Extracted data entries:

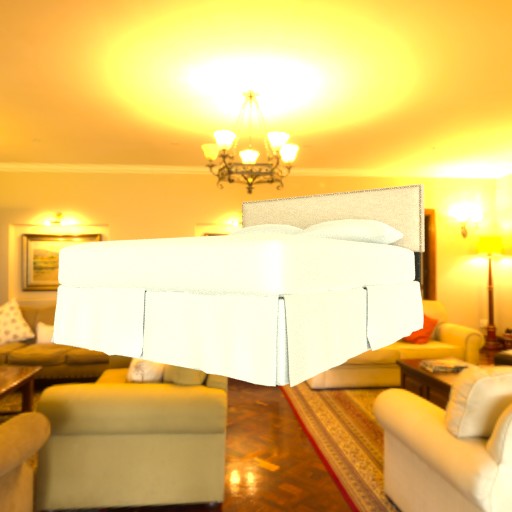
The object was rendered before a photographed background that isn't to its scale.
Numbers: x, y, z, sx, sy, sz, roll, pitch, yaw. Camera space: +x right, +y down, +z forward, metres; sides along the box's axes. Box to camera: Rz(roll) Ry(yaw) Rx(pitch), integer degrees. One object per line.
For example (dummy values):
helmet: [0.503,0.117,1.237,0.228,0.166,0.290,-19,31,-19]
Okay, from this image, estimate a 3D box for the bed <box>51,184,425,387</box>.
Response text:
bed: [0.000,0.000,2.821,1.616,1.016,1.876,-1,-1,36]
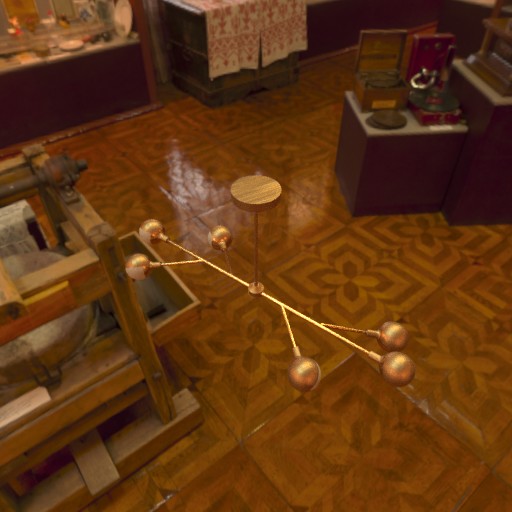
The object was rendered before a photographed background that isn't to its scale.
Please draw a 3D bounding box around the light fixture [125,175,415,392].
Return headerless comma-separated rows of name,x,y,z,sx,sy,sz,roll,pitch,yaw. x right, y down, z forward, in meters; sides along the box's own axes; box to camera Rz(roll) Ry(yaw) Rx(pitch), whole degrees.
light fixture,0.000,0.000,1.005,0.434,0.362,0.778,-27,49,-26
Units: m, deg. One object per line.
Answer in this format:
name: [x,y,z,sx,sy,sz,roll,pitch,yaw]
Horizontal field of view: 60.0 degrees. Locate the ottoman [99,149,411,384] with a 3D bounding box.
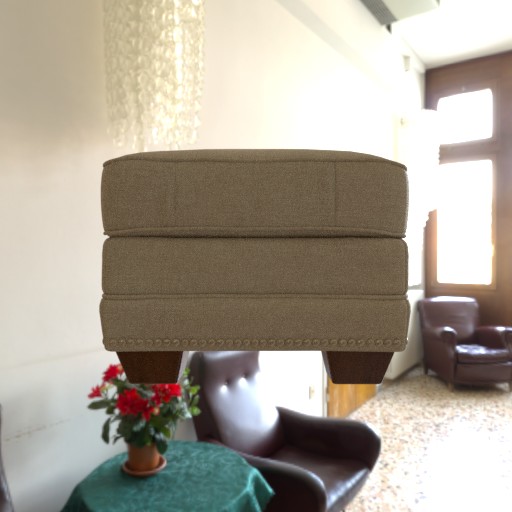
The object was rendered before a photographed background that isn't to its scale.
ottoman: [0.000,0.000,1.146,0.559,0.458,0.813,0,0,0]
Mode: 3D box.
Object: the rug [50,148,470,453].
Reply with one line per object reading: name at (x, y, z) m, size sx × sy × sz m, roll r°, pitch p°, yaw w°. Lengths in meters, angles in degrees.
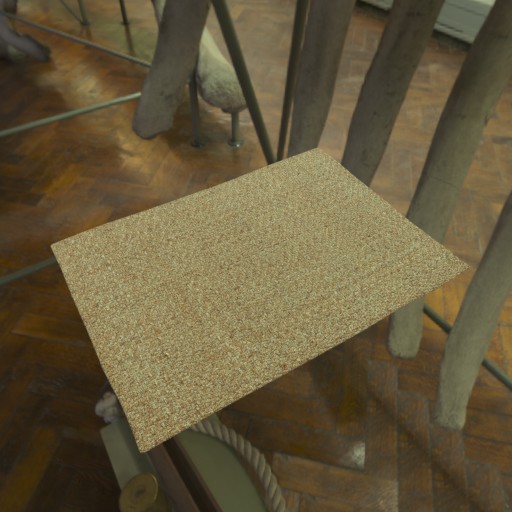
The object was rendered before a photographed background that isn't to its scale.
rug at (0.000, 0.000, 2.770) m, size 2.141 × 0.013 × 1.566 m, roll -24°, pitch 51°, yaw -21°
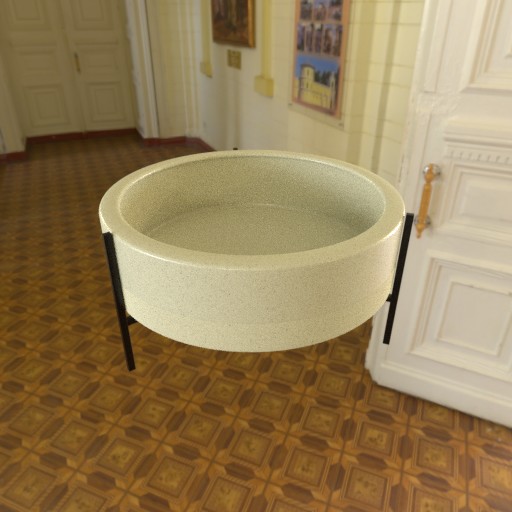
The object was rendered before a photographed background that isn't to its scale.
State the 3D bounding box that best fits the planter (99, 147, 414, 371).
[{"bbox_3d":[0.000,0.000,0.545,0.345,0.171,0.336,11,32,19],"label":"planter"}]
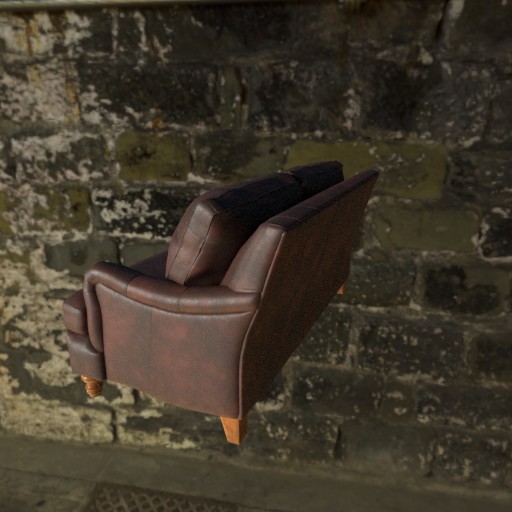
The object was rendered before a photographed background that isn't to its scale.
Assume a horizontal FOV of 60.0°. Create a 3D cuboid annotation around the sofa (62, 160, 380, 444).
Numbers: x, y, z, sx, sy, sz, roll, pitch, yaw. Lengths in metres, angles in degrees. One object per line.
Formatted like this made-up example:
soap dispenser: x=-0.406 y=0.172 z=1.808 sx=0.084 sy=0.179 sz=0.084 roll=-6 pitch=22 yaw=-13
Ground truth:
sofa: x=0.000 y=0.000 z=2.796 sx=1.147 sy=1.071 sz=2.144 roll=7 pitch=19 yaw=23
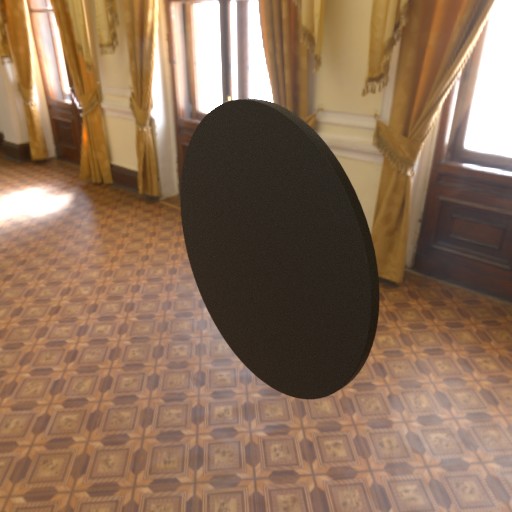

§ **Exercise details**
Tally the lines in the records above that contain the word "around", and give only that number.

§ **Written response**
2